[[ MATERIAL PROVIDED, beginning ]]
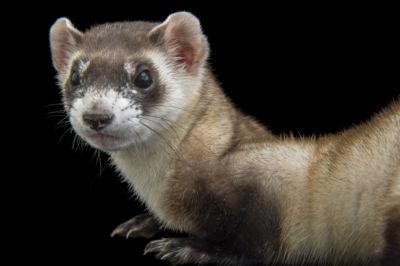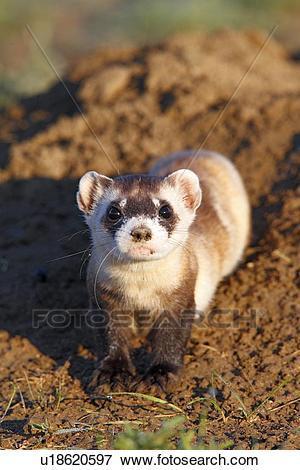The first image is the image on the left, the second image is the image on the right. Given the left and right images, does the statement "Each image contains one ferret standing on dirt ground, with at least one front and one back paw on the ground." hold true? Answer yes or no. No. The first image is the image on the left, the second image is the image on the right. Given the left and right images, does the statement "Both animals are standing on all fours on the ground." hold true? Answer yes or no. No. 
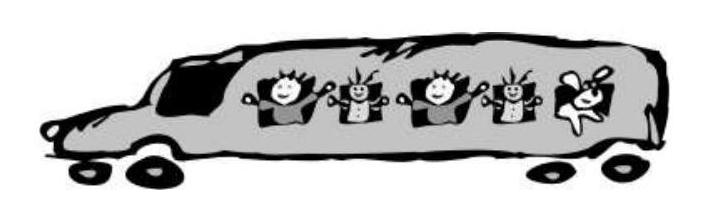What kind of transportation is depicted in the image? Describe its features. The image depicts a whimsical cartoon-style bus filled with joyful pupils. The bus is long and has windows along its side showcasing excited children with cheerful expressions. It has standard features like wheels and seems to be in motion, suggesting it is used for transporting kids, likely on a school trip or similar excursion.  What could be the possible destination of this bus and why? Given the joyful and excited expressions of the children, the bus could be heading towards a destination meant for leisure and education, such as a zoo, amusement park, or a cultural center. These destinations offer both fun and learning opportunities that would excite school children. 
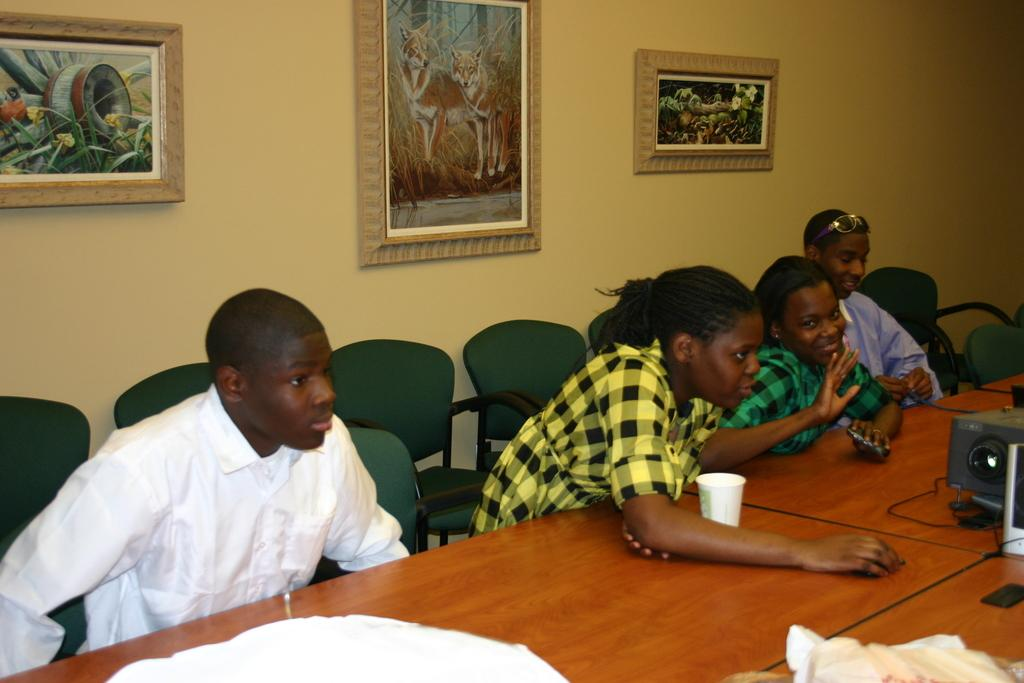What are the people in the image doing? The people in the image are sitting on chairs near a table. What is on the table in the image? There is a glass and a projector on the table. What can be seen in the background of the image? There is a wall and a photo frame in the background. What type of machine is being used to wash dishes in the image? There is no machine or sink present in the image, so it is not possible to determine if any dishwashing is taking place. 
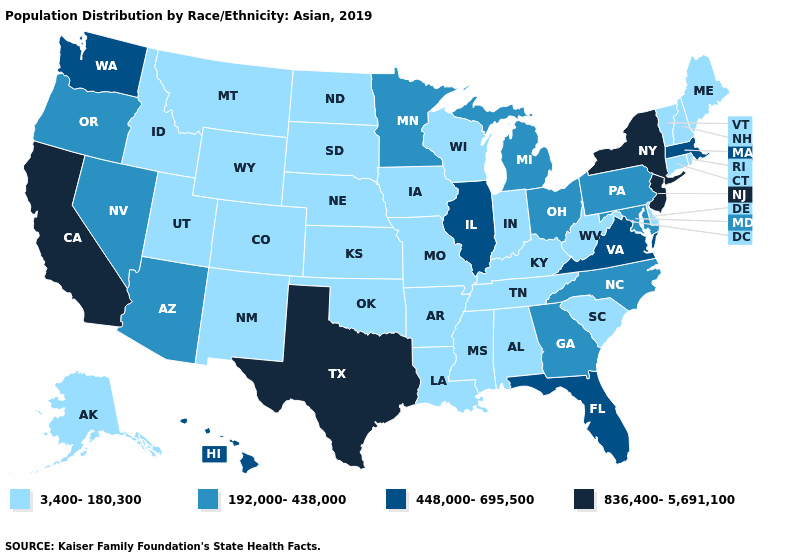Name the states that have a value in the range 836,400-5,691,100?
Give a very brief answer. California, New Jersey, New York, Texas. Name the states that have a value in the range 448,000-695,500?
Answer briefly. Florida, Hawaii, Illinois, Massachusetts, Virginia, Washington. What is the value of Wyoming?
Be succinct. 3,400-180,300. Does North Carolina have the lowest value in the USA?
Give a very brief answer. No. What is the lowest value in the Northeast?
Keep it brief. 3,400-180,300. Among the states that border Connecticut , which have the lowest value?
Be succinct. Rhode Island. Among the states that border West Virginia , which have the lowest value?
Concise answer only. Kentucky. Name the states that have a value in the range 448,000-695,500?
Give a very brief answer. Florida, Hawaii, Illinois, Massachusetts, Virginia, Washington. Name the states that have a value in the range 836,400-5,691,100?
Give a very brief answer. California, New Jersey, New York, Texas. What is the lowest value in the South?
Answer briefly. 3,400-180,300. Does Virginia have the highest value in the USA?
Quick response, please. No. Name the states that have a value in the range 3,400-180,300?
Quick response, please. Alabama, Alaska, Arkansas, Colorado, Connecticut, Delaware, Idaho, Indiana, Iowa, Kansas, Kentucky, Louisiana, Maine, Mississippi, Missouri, Montana, Nebraska, New Hampshire, New Mexico, North Dakota, Oklahoma, Rhode Island, South Carolina, South Dakota, Tennessee, Utah, Vermont, West Virginia, Wisconsin, Wyoming. Does Wisconsin have the lowest value in the USA?
Quick response, please. Yes. Name the states that have a value in the range 448,000-695,500?
Keep it brief. Florida, Hawaii, Illinois, Massachusetts, Virginia, Washington. Which states have the lowest value in the South?
Answer briefly. Alabama, Arkansas, Delaware, Kentucky, Louisiana, Mississippi, Oklahoma, South Carolina, Tennessee, West Virginia. 
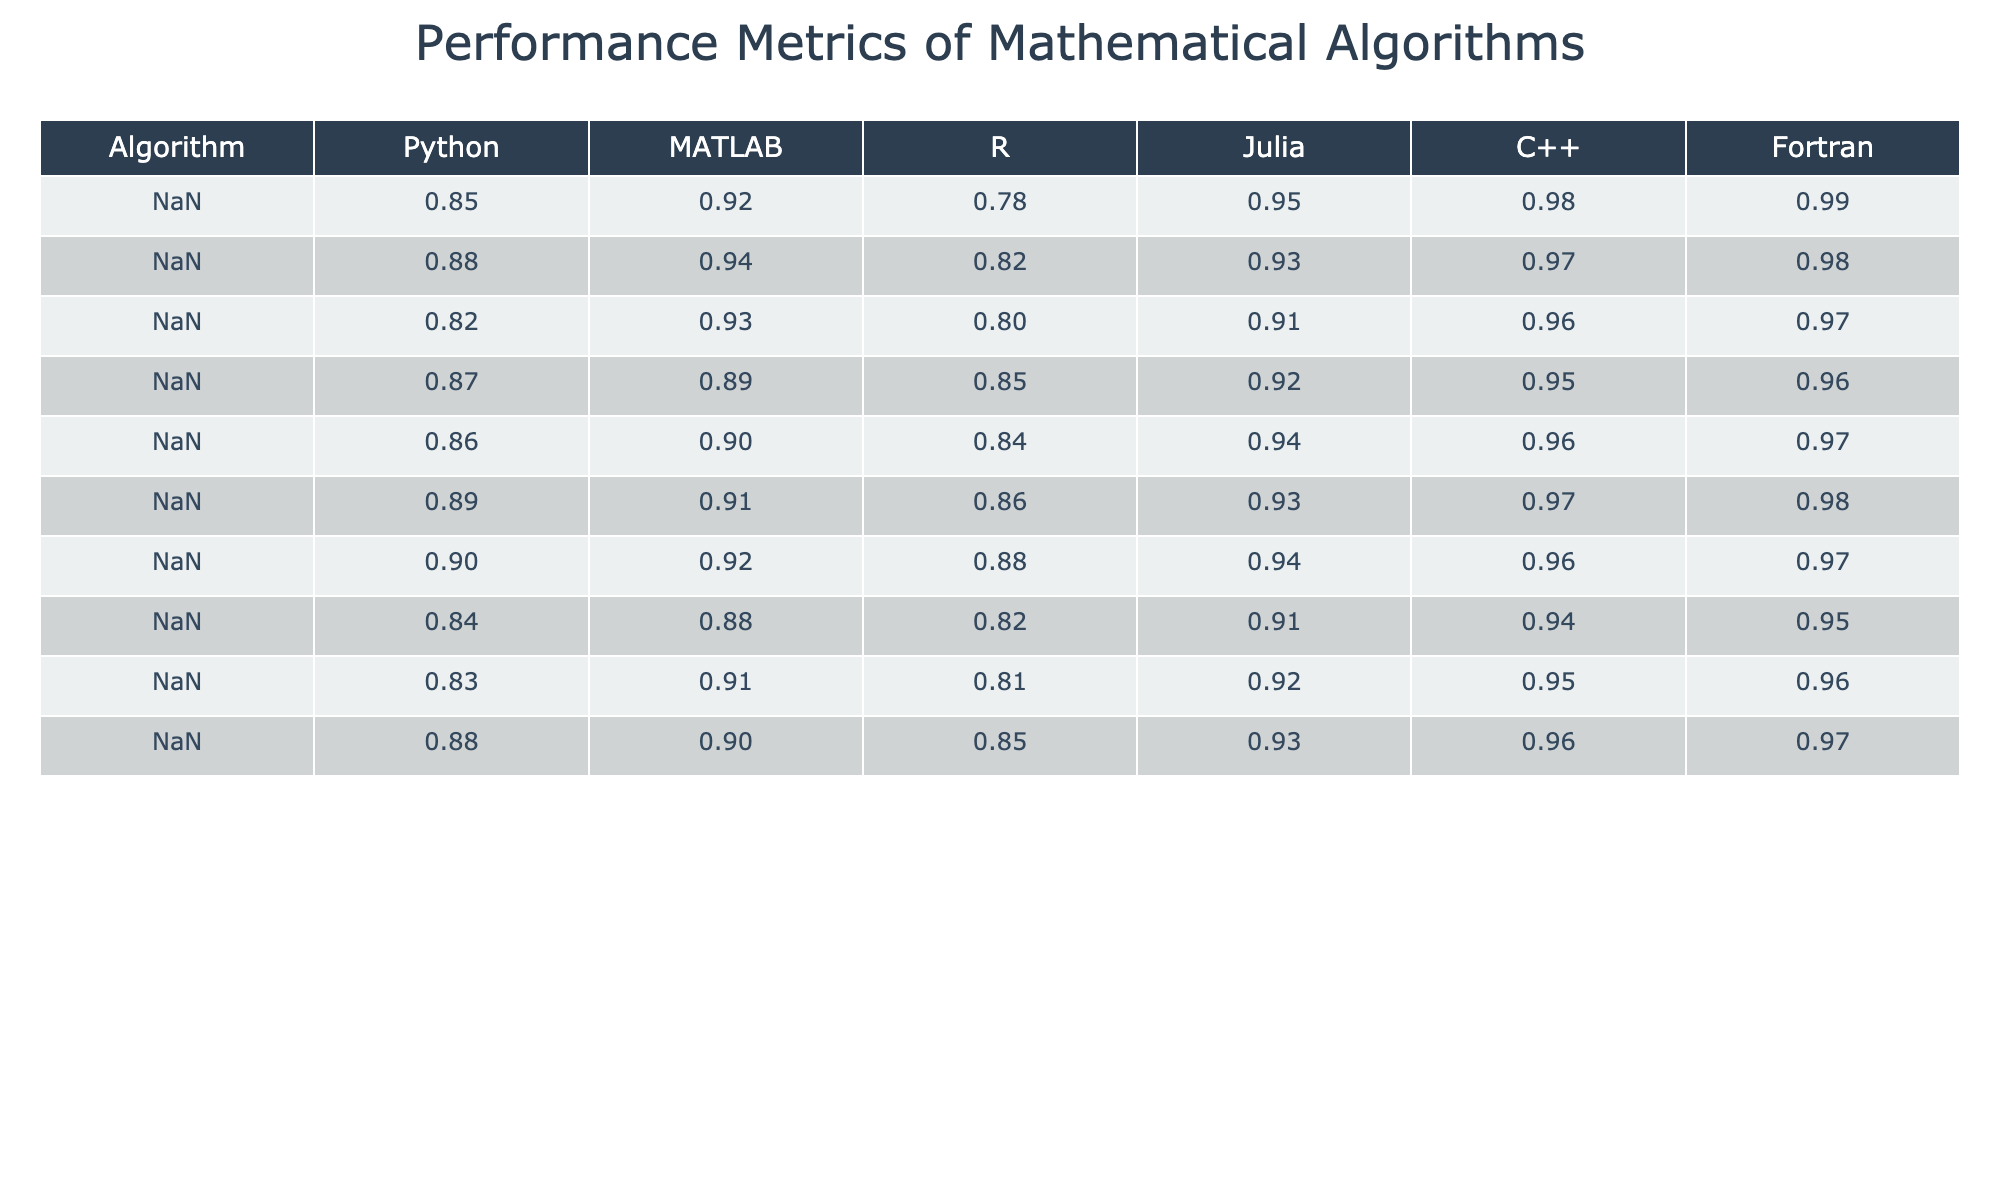What is the performance metric for Matrix Multiplication in Python? The table shows the performance metric for Matrix Multiplication in Python is 0.85.
Answer: 0.85 Which programming environment has the highest metric for Fast Fourier Transform? The table indicates that C++ has the highest performance metric for Fast Fourier Transform at 0.97.
Answer: C++ What is the difference in performance metrics between K-Means Clustering in Fortran and Python? The performance metric for K-Means Clustering in Fortran is 0.95 and in Python is 0.84. The difference is 0.95 - 0.84 = 0.11.
Answer: 0.11 Is the performance metric for Gradient Descent in R greater than 0.85? The performance metric for Gradient Descent in R is 0.85, which is not greater than 0.85, so the answer is false.
Answer: False What is the average performance metric for Numerical Integration across all programming environments? The metrics for Numerical Integration are 0.89 (Python), 0.91 (MATLAB), 0.86 (R), 0.93 (Julia), 0.97 (C++), and 0.98 (Fortran). The sum of these values is 0.89 + 0.91 + 0.86 + 0.93 + 0.97 + 0.98 = 5.54. Dividing by 6 gives an average of 5.54 / 6 = 0.9233.
Answer: 0.9233 Which algorithm has the lowest performance metric in R? The table shows that K-Means Clustering has the lowest performance metric in R at 0.82.
Answer: K-Means Clustering What is the performance metric for Singular Value Decomposition in Julia relative to C++? The performance metric for Singular Value Decomposition in Julia is 0.91 and for C++ is 0.96. The relative value is 0.91 < 0.96, indicating Julia performs worse than C++.
Answer: Julia performs worse Are there any algorithms where the performance in Fortran is less than that in MATLAB? By reviewing the table, all performance metrics in Fortran are equal to or greater than those in MATLAB. Therefore, the answer is no.
Answer: No If we consider the top two programming environments for each algorithm, which environment has the overall highest performance for Matrix Multiplication? C++ (0.98) and Fortran (0.99) are the top two metrics for Matrix Multiplication. Among programming environments, Fortran has the highest metric across algorithms, including Matrix Multiplication.
Answer: Fortran What is the cumulative performance metric for Monte Carlo Simulation across all programming environments? The metrics for Monte Carlo Simulation are 0.86 (Python), 0.90 (MATLAB), 0.84 (R), 0.94 (Julia), 0.96 (C++), and 0.97 (Fortran). Adding these together gives 0.86 + 0.90 + 0.84 + 0.94 + 0.96 + 0.97 = 5.47.
Answer: 5.47
[[ MATERIAL PROVIDED, end ]]
- **ACTIVITY**:
Among the entries above, the line containing "Be succinct. Rhode", the line containing "Quick response, please. No.", and all lines between them are to be restated word for word; nothing else belongs in the reply.

- **RESULT OF THIS EXERCISE**:
Be succinct. Rhode Island. Among the states that border West Virginia , which have the lowest value?
Concise answer only. Kentucky. Name the states that have a value in the range 448,000-695,500?
Give a very brief answer. Florida, Hawaii, Illinois, Massachusetts, Virginia, Washington. Name the states that have a value in the range 836,400-5,691,100?
Give a very brief answer. California, New Jersey, New York, Texas. What is the lowest value in the South?
Answer briefly. 3,400-180,300. Does Virginia have the highest value in the USA?
Quick response, please. No. Name the states that have a value in the range 3,400-180,300?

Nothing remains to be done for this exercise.